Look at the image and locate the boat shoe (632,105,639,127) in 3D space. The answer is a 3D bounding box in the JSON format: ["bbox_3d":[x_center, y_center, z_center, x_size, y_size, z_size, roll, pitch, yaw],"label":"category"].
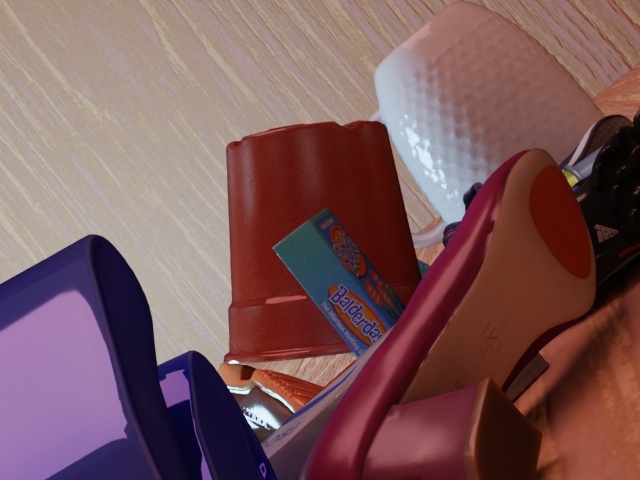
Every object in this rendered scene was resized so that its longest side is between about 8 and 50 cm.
[{"bbox_3d":[0.440,-0.173,1.235,0.088,0.096,0.267,-43,0,-9],"label":"boat shoe"}]

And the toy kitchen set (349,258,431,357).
[{"bbox_3d":[0.127,0.089,1.634,0.122,0.166,0.207,-39,37,35],"label":"toy kitchen set"}]

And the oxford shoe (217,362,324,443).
[{"bbox_3d":[-0.046,0.220,1.177,0.364,0.130,0.132,165,125,-72],"label":"oxford shoe"}]

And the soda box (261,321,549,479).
[{"bbox_3d":[0.037,0.150,0.800,0.286,0.098,0.091,-39,1,-25],"label":"soda box"}]

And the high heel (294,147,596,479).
[{"bbox_3d":[0.083,0.066,0.753,0.181,0.127,0.377,-26,19,36],"label":"high heel"}]

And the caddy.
[{"bbox_3d":[-0.128,0.158,0.557,0.179,0.241,0.341,-33,36,1],"label":"caddy"}]

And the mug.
[{"bbox_3d":[0.207,-0.145,1.557,0.374,0.328,0.276,-38,1,15],"label":"mug"}]

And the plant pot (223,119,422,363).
[{"bbox_3d":[0.000,0.000,1.283,0.272,0.265,0.272,-7,-2,0],"label":"plant pot"}]

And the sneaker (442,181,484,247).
[{"bbox_3d":[0.174,0.022,1.232,0.083,0.087,0.221,-40,19,51],"label":"sneaker"}]

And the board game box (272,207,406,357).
[{"bbox_3d":[0.045,0.067,1.042,0.047,0.210,0.160,-38,1,10],"label":"board game box"}]

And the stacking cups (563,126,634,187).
[{"bbox_3d":[0.312,-0.058,1.108,0.316,0.096,0.096,-34,1,5],"label":"stacking cups"}]

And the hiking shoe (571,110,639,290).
[{"bbox_3d":[0.241,-0.001,0.921,0.132,0.113,0.304,-3,-28,-47],"label":"hiking shoe"}]

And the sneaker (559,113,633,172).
[{"bbox_3d":[0.315,-0.073,1.367,0.226,0.086,0.163,-40,4,-36],"label":"sneaker"}]

---

--- Work instruction ---
Excluding images, return all of the records above word for word.

--- Task answer ---
Look at the image and locate the boat shoe (632,105,639,127) in 3D space. The answer is a 3D bounding box in the JSON format: ["bbox_3d":[x_center, y_center, z_center, x_size, y_size, z_size, roll, pitch, yaw],"label":"category"].
Every object in this rendered scene was resized so that its longest side is between about 8 and 50 cm.
[{"bbox_3d":[0.440,-0.173,1.235,0.088,0.096,0.267,-43,0,-9],"label":"boat shoe"}]

And the toy kitchen set (349,258,431,357).
[{"bbox_3d":[0.127,0.089,1.634,0.122,0.166,0.207,-39,37,35],"label":"toy kitchen set"}]

And the oxford shoe (217,362,324,443).
[{"bbox_3d":[-0.046,0.220,1.177,0.364,0.130,0.132,165,125,-72],"label":"oxford shoe"}]

And the soda box (261,321,549,479).
[{"bbox_3d":[0.037,0.150,0.800,0.286,0.098,0.091,-39,1,-25],"label":"soda box"}]

And the high heel (294,147,596,479).
[{"bbox_3d":[0.083,0.066,0.753,0.181,0.127,0.377,-26,19,36],"label":"high heel"}]

And the caddy.
[{"bbox_3d":[-0.128,0.158,0.557,0.179,0.241,0.341,-33,36,1],"label":"caddy"}]

And the mug.
[{"bbox_3d":[0.207,-0.145,1.557,0.374,0.328,0.276,-38,1,15],"label":"mug"}]

And the plant pot (223,119,422,363).
[{"bbox_3d":[0.000,0.000,1.283,0.272,0.265,0.272,-7,-2,0],"label":"plant pot"}]

And the sneaker (442,181,484,247).
[{"bbox_3d":[0.174,0.022,1.232,0.083,0.087,0.221,-40,19,51],"label":"sneaker"}]

And the board game box (272,207,406,357).
[{"bbox_3d":[0.045,0.067,1.042,0.047,0.210,0.160,-38,1,10],"label":"board game box"}]

And the stacking cups (563,126,634,187).
[{"bbox_3d":[0.312,-0.058,1.108,0.316,0.096,0.096,-34,1,5],"label":"stacking cups"}]

And the hiking shoe (571,110,639,290).
[{"bbox_3d":[0.241,-0.001,0.921,0.132,0.113,0.304,-3,-28,-47],"label":"hiking shoe"}]

And the sneaker (559,113,633,172).
[{"bbox_3d":[0.315,-0.073,1.367,0.226,0.086,0.163,-40,4,-36],"label":"sneaker"}]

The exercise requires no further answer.